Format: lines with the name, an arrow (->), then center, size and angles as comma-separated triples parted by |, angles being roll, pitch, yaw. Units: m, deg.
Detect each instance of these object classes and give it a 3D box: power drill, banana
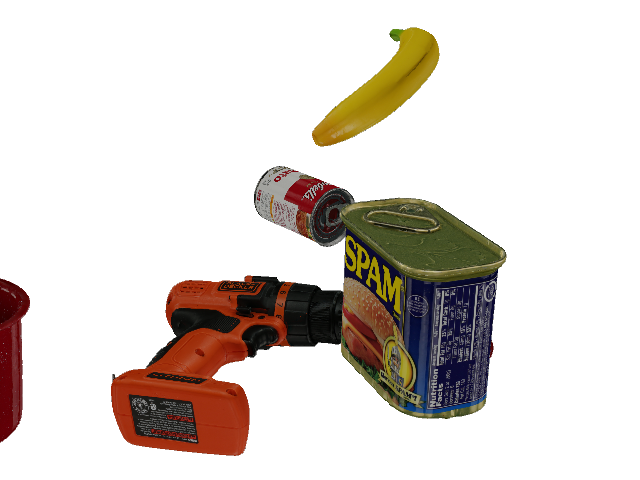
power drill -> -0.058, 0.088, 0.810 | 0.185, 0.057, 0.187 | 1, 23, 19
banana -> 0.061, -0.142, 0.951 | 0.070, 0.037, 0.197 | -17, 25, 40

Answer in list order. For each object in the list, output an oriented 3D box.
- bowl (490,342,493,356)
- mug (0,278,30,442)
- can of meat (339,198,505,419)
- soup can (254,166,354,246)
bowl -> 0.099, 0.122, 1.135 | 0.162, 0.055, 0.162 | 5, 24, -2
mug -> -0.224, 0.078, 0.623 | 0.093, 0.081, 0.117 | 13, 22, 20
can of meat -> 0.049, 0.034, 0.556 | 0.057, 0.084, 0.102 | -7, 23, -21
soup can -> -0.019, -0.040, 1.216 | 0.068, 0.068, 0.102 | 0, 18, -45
- - - - -
Omit the pictures. Output every record above word for word.

Format: lines with the name, an arrow (->), then center, size and angles as comma-separated triples parted by |, angles being roll, pitch, yaw. Units: m, deg.
Detect each instance of these object classes and give it a 3D box: power drill, banana
power drill -> -0.058, 0.088, 0.810 | 0.185, 0.057, 0.187 | 1, 23, 19
banana -> 0.061, -0.142, 0.951 | 0.070, 0.037, 0.197 | -17, 25, 40

Answer in list order. For each object in the list, output an oriented 3D box.
- bowl (490,342,493,356)
- mug (0,278,30,442)
- can of meat (339,198,505,419)
- soup can (254,166,354,246)
bowl -> 0.099, 0.122, 1.135 | 0.162, 0.055, 0.162 | 5, 24, -2
mug -> -0.224, 0.078, 0.623 | 0.093, 0.081, 0.117 | 13, 22, 20
can of meat -> 0.049, 0.034, 0.556 | 0.057, 0.084, 0.102 | -7, 23, -21
soup can -> -0.019, -0.040, 1.216 | 0.068, 0.068, 0.102 | 0, 18, -45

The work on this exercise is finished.